Clearcutting a forest to get at the mineral riches underneath isn't merely "rearranging the furniture":
Agnosticsherbet
(11,619 posts)And these places were created before it existed, so the new energy source isn't relevant to that discussion.
Nihil
(13,508 posts)> We need better environmental laws. but this has nothing to do with a new source of energy.
The fact that we need "environmental laws" to keep our behaviour under any form of control shows
that we are not yet a mature enough species to have advanced (widespread, cheap) energy sources.
The fact that we need "better environmental laws" just underlines this problem: even the more
mature members of the species are currently (and for the foreseeable future) incapable of restraining
the greedy, exploitative & rapacious members who are in control.
> And these places were created before it existed, so the new energy source isn't relevant to that discussion.
Pedantically no, the places in & like that photograph were created after the "new energy source"
was first being promoted as "the clean energy of the future" - a state that it has remained in ever since.
Agnosticsherbet
(11,619 posts)to make electricity.
Its by product is helium.
No more coal sludge. No open pit coal mines. Mr. Peabocy's coal train disappears.
You are wrong on this one.
Nihil
(13,508 posts)(or "points" as there are more than one of them)
1) Fusion has always been a decade or two in the future so, at the moment, it is *not*
a "source of energy that would make coal and natural gas obsolete to make electricity".
2) Until it moves from the indeterminate future into the now, its only function is to provide
yet another excuse to maintain Business As Usual rather than *reducing* energy consumption.
3) The mindset ruling the human civilisation is absurdly immature and totally incapable of
handling "boundless free energy" without accelerating the rate of devastation to the ecosphere.

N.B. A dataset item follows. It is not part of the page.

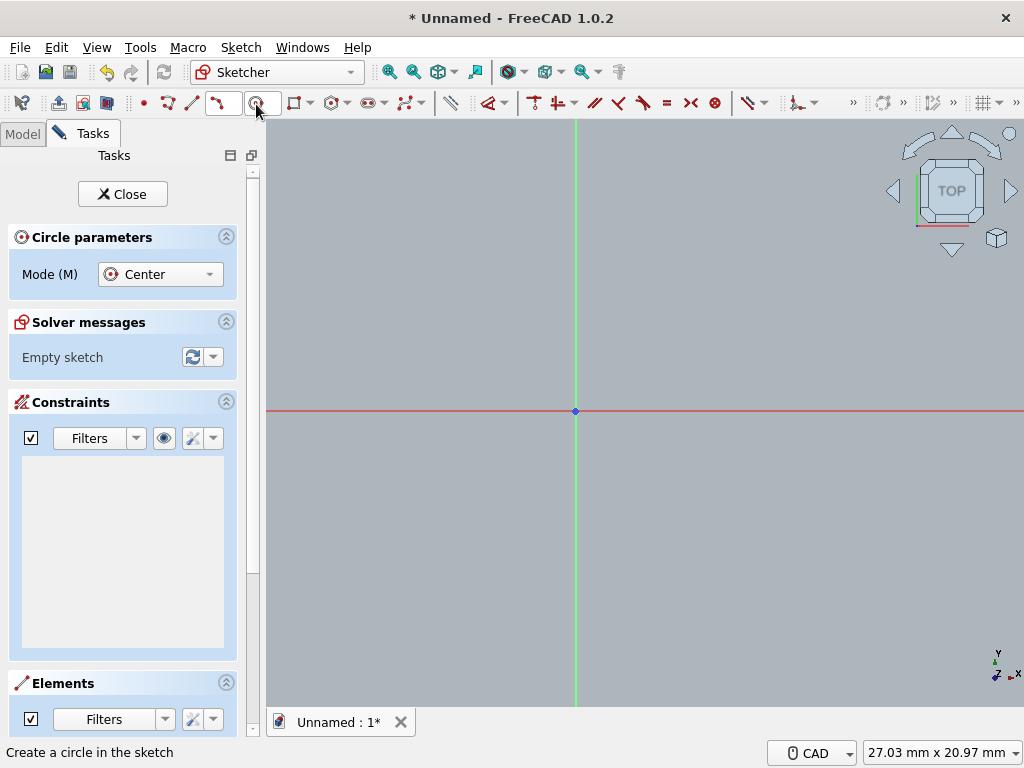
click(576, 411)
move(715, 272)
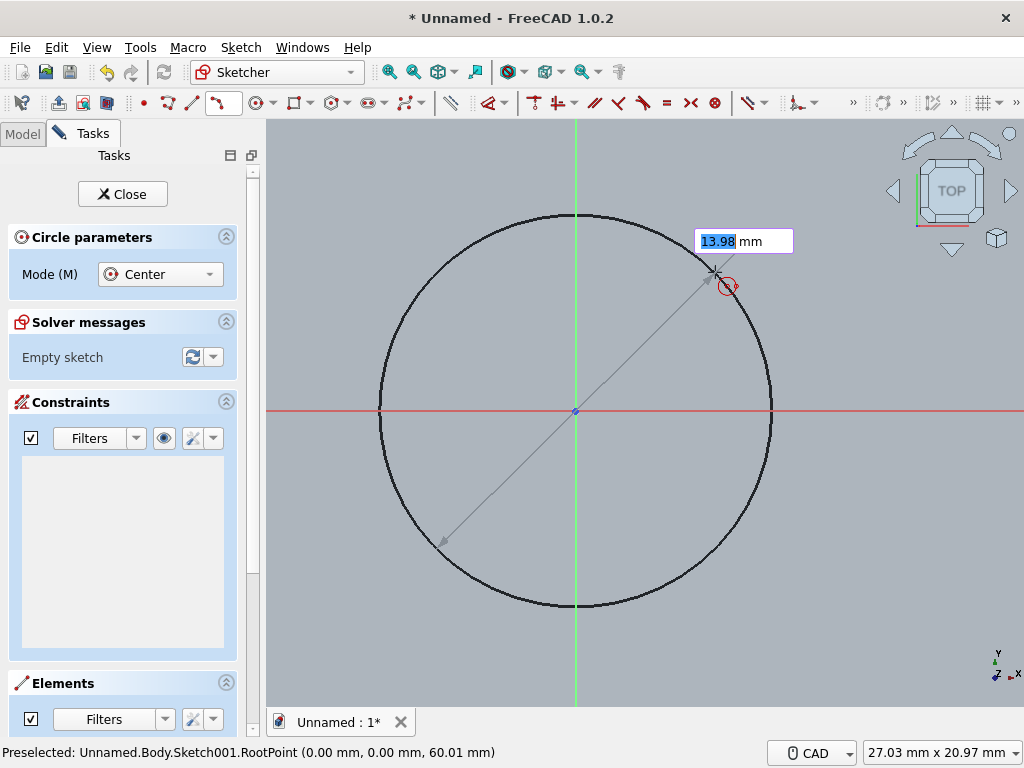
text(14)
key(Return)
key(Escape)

> Its by product is helium.
> No more coal sludge. No open pit coal mines. Mr. Peabocy's coal train disappears.
In an ideal world, fusion like this is *exactly* what we'd want to power our utopian society
where all people are equal and the environment respected.

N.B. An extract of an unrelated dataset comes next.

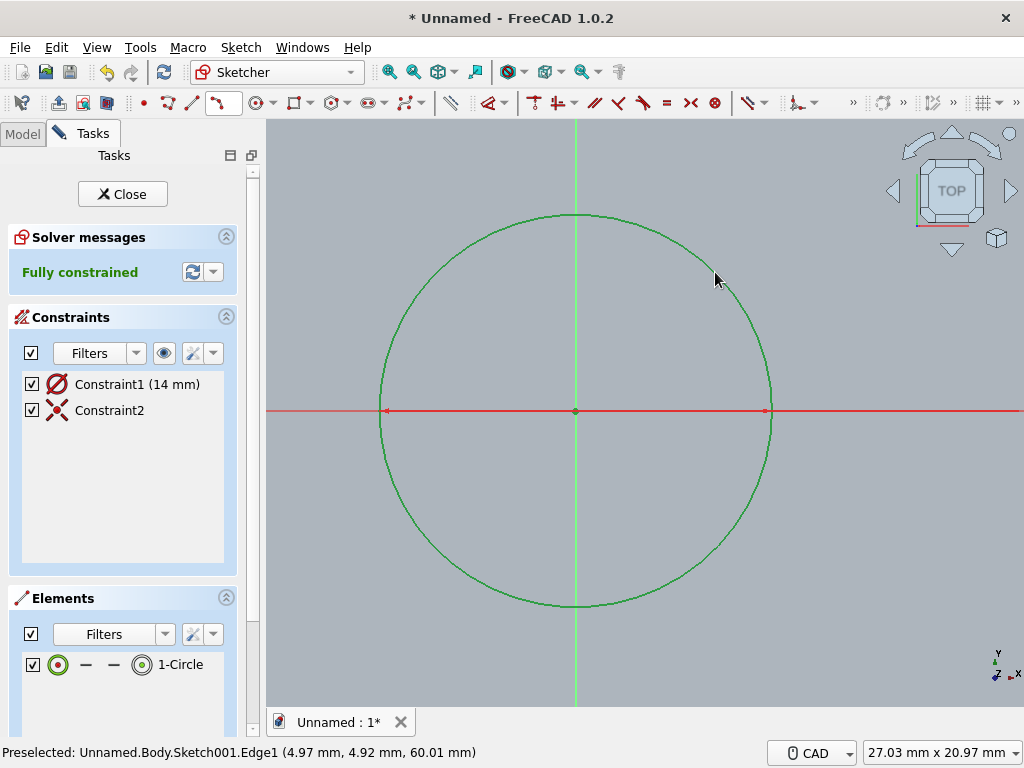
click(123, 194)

In the real world, (of today and the next decade or so at least), boundless energy (clean or
not) has only one purpose: to make the filthy rich even richer at the expense of everyone
and everything else.
> You are wrong on this one.
I wish I were but my eyes watching the events of every passing day tell me otherwise.
hatrack
(59,592 posts)I'll believe it when it happens.
Binkie The Clown
(7,911 posts)will hire a bunch of "scientists" to scare people into believing that it will set the atmosphere on fire. Republicans and other anti-science fools will put a stop to it in a hurry.